### Data
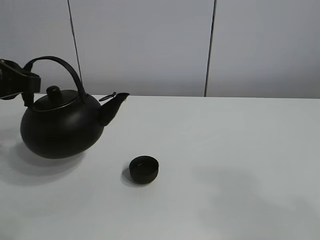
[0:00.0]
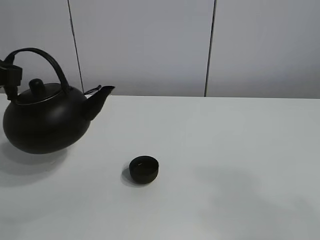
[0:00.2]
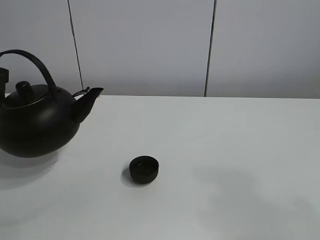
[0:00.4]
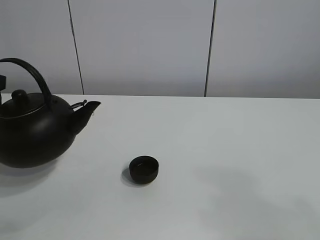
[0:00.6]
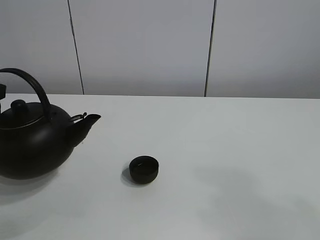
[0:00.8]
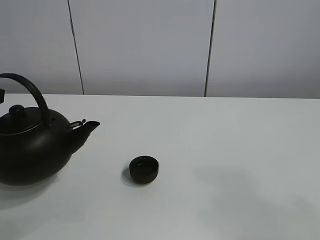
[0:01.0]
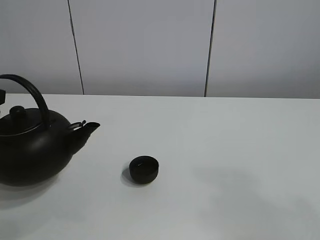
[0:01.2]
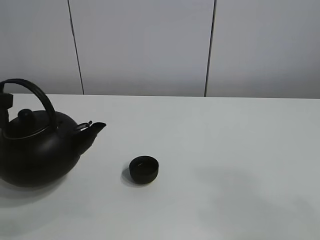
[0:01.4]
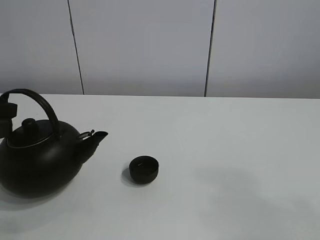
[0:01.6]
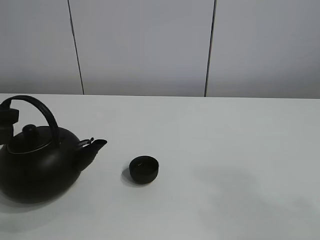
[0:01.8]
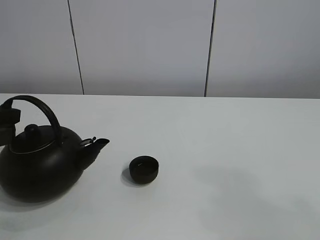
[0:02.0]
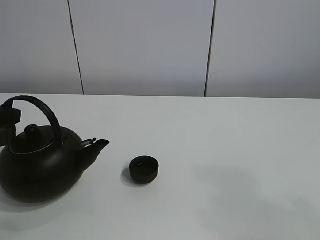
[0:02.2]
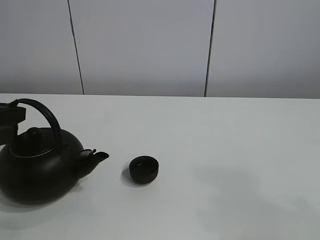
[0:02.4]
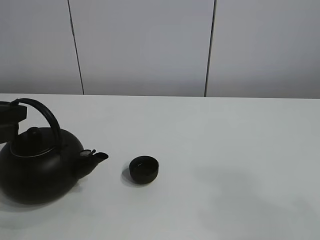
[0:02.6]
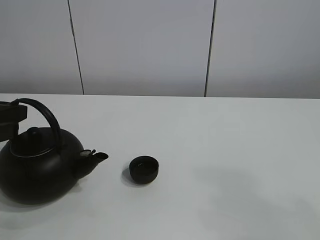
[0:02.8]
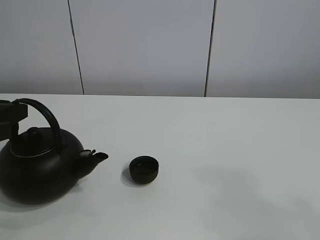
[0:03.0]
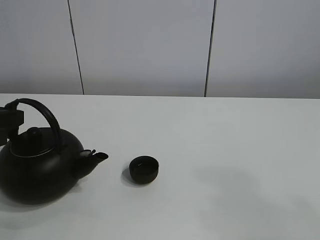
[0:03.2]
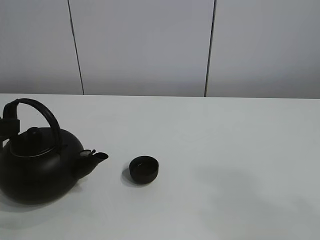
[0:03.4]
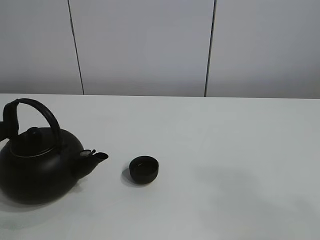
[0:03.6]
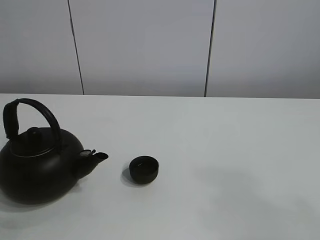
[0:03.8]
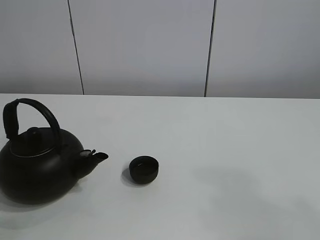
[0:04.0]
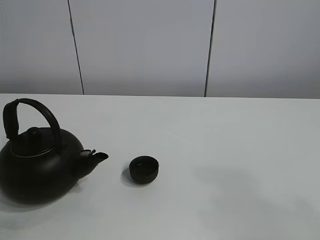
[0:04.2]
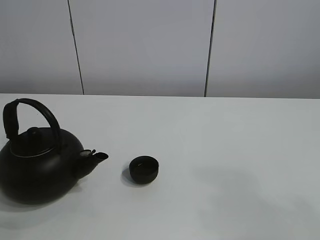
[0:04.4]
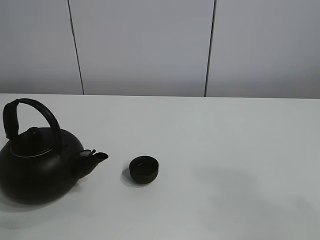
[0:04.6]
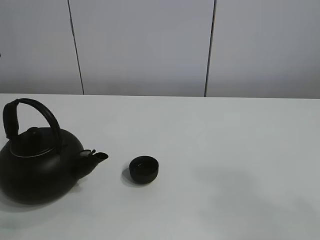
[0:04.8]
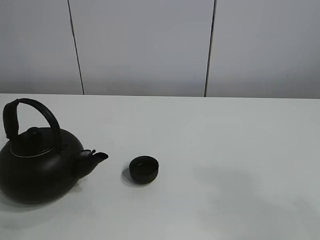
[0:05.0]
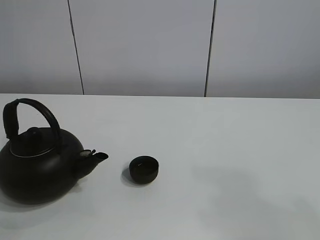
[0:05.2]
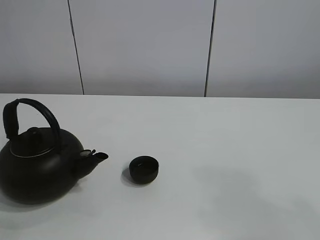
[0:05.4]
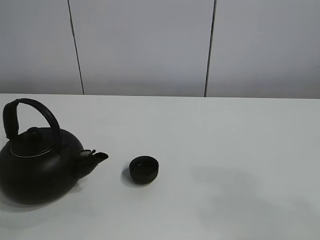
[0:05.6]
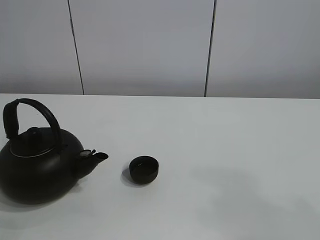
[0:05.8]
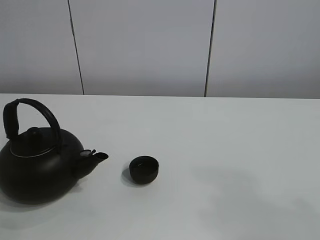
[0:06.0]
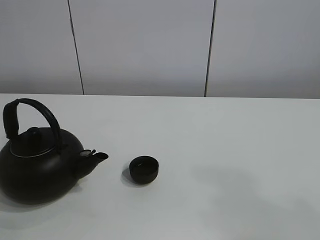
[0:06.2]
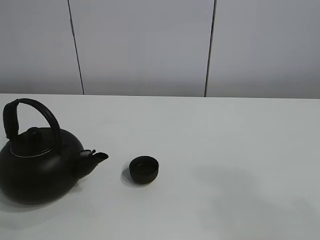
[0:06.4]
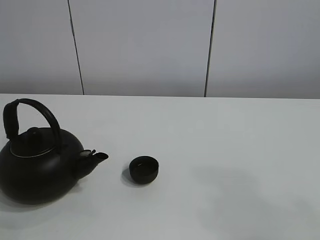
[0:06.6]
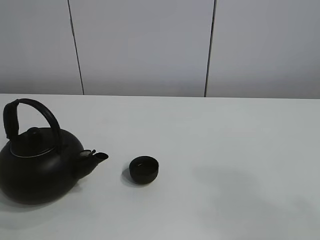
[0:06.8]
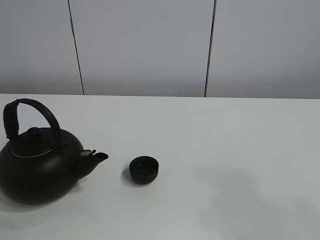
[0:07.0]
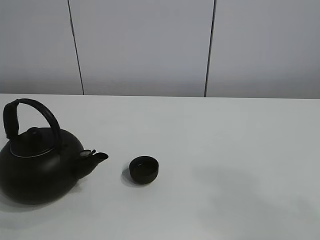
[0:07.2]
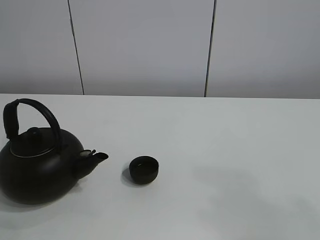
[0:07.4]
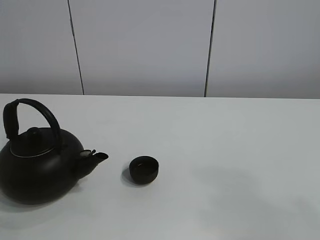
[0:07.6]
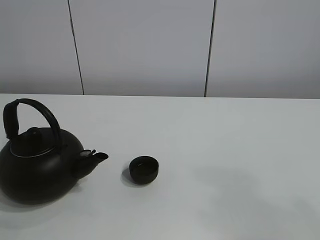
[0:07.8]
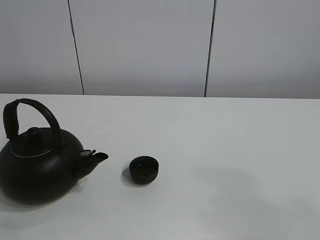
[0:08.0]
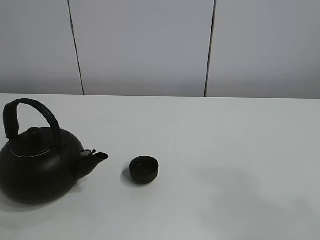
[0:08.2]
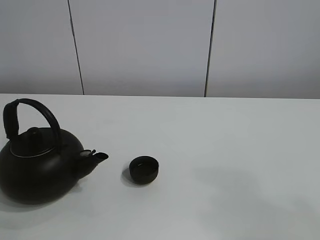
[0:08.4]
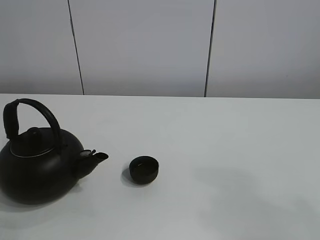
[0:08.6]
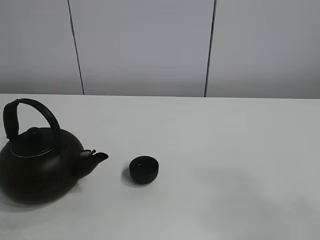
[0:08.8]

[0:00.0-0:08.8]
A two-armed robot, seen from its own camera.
Task of the whole recording: pour tea into the teacup.
0:00.0 to 0:01.4: The left gripper shifts by approximately 5 cm.
0:01.4 to 0:03.0: The left gripper opens.

### Work request
Set every line of the records down again exactly, and exclude all pictures.

### Exercise result
[0:00.0]
[0:00.2]
[0:00.4]
[0:00.6]
[0:00.8]
[0:01.0]
[0:01.2]
[0:01.4]
[0:01.6]
[0:01.8]
[0:02.0]
[0:02.2]
[0:02.4]
[0:02.6]
[0:02.8]
[0:03.0]
[0:03.2]
[0:03.4]
[0:03.6]
[0:03.8]
[0:04.0]
[0:04.2]
[0:04.4]
[0:04.6]
[0:04.8]
[0:05.0]
[0:05.2]
[0:05.4]
[0:05.6]
[0:05.8]
[0:06.0]
[0:06.2]
[0:06.4]
[0:06.6]
[0:06.8]
[0:07.0]
[0:07.2]
[0:07.4]
[0:07.6]
[0:07.8]
[0:08.0]
[0:08.2]
[0:08.4]
[0:08.6]
[0:08.8]

[0:00.0-0:08.8]
A two-armed robot, seen from its own camera.
Task of the whole recording: pour tea into the teacup.
0:00.0 to 0:01.4: The left gripper shifts by approximately 5 cm.
0:01.4 to 0:03.0: The left gripper opens.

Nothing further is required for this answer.